From the entries below, copy each line in which the word "horizontal" occurs.

Segment Start: Data excerpts

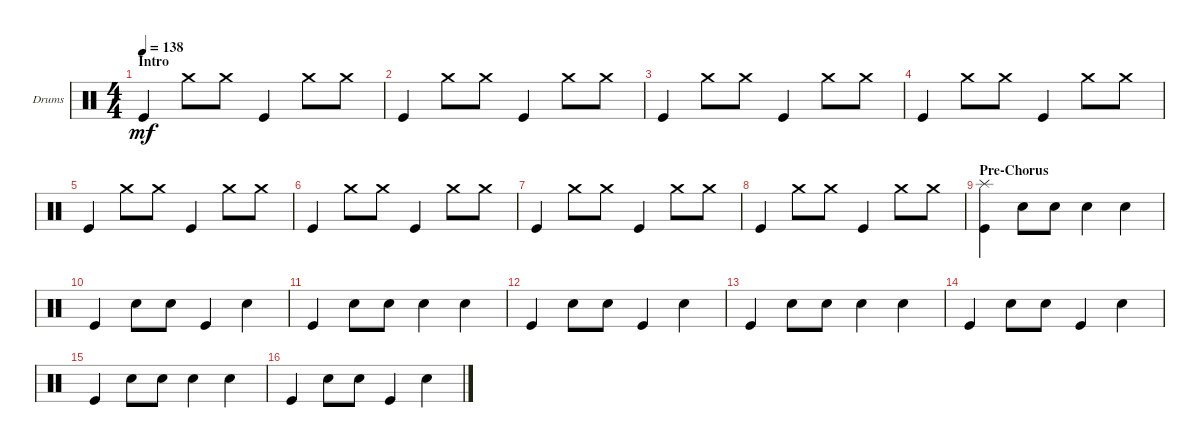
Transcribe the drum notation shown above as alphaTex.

\defaultSystemsLayout 4
\bracketExtendMode groupsimilarinstruments
\firstSystemTrackNameOrientation horizontal
\otherSystemsTrackNameOrientation horizontal
\track ("Drumkit" "Drums") {instrument percussion}
\staff {score}
\articulation defaults
\ts (4 4)
\section ("" "Intro")
\tempo 138
\clef neutral
\scale
0.472222
\ks c "Kick (hit)".4{dy mf} "Crash medium (hit)".8 "Crash medium (hit)".8 "Kick (hit)".4 "Crash medium (hit)".8 "Crash medium (hit)".8
|
\scale
0.263889 "Kick (hit)".4 "Crash medium (hit)".8 "Crash medium (hit)".8 "Kick (hit)".4 "Crash medium (hit)".8 "Crash medium (hit)".8 |
\scale
0.263889 "Kick (hit)".4 "Crash medium (hit)".8 "Crash medium (hit)".8 "Kick (hit)".4 "Crash medium (hit)".8 "Crash medium (hit)".8 |
"Kick (hit)".4 "Crash medium (hit)".8 "Crash medium (hit)".8 "Kick (hit)".4 "Crash medium (hit)".8 "Crash medium (hit)".8 |
"Kick (hit)".4 "Crash medium (hit)".8 "Crash medium (hit)".8 "Kick (hit)".4 "Crash medium (hit)".8 "Crash medium (hit)".8 |
"Kick (hit)".4 "Crash medium (hit)".8 "Crash medium (hit)".8 "Kick (hit)".4 "Crash medium (hit)".8 "Crash medium (hit)".8 |
"Kick (hit)".4 "Crash medium (hit)".8 "Crash medium (hit)".8 "Kick (hit)".4 "Crash medium (hit)".8 "Crash medium (hit)".8 |
"Kick (hit)".4 "Crash medium (hit)".8 "Crash medium (hit)".8 "Kick (hit)".4 "Crash medium (hit)".8 "Crash medium (hit)".8 |
\section ("" "Pre-Chorus")
("Splash (hit)" "Kick (hit)").4 "Snare (hit) 2".8 "Snare (hit) 2".8 "Snare (hit) 2".4 "Snare (hit) 2".4 |
"Kick (hit)".4 "Snare (hit) 2".8 "Snare (hit) 2".8 "Kick (hit)".4 "Snare (hit) 2".4 |
"Kick (hit)".4 "Snare (hit) 2".8 "Snare (hit) 2".8 "Snare (hit) 2".4 "Snare (hit) 2".4 |
"Kick (hit)".4 "Snare (hit) 2".8 "Snare (hit) 2".8 "Kick (hit)".4 "Snare (hit) 2".4 |
"Kick (hit)".4 "Snare (hit) 2".8 "Snare (hit) 2".8 "Snare (hit) 2".4 "Snare (hit) 2".4 |
"Kick (hit)".4 "Snare (hit) 2".8 "Snare (hit) 2".8 "Kick (hit)".4 "Snare (hit) 2".4 |
"Kick (hit)".4 "Snare (hit) 2".8 "Snare (hit) 2".8 "Snare (hit) 2".4 "Snare (hit) 2".4 |
"Kick (hit)".4 "Snare (hit) 2".8 "Snare (hit) 2".8 "Kick (hit)".4 "Snare (hit) 2".4

Segment End: Data excerpts

=== Answer box ===
\firstSystemTrackNameOrientation horizontal
\otherSystemsTrackNameOrientation horizontal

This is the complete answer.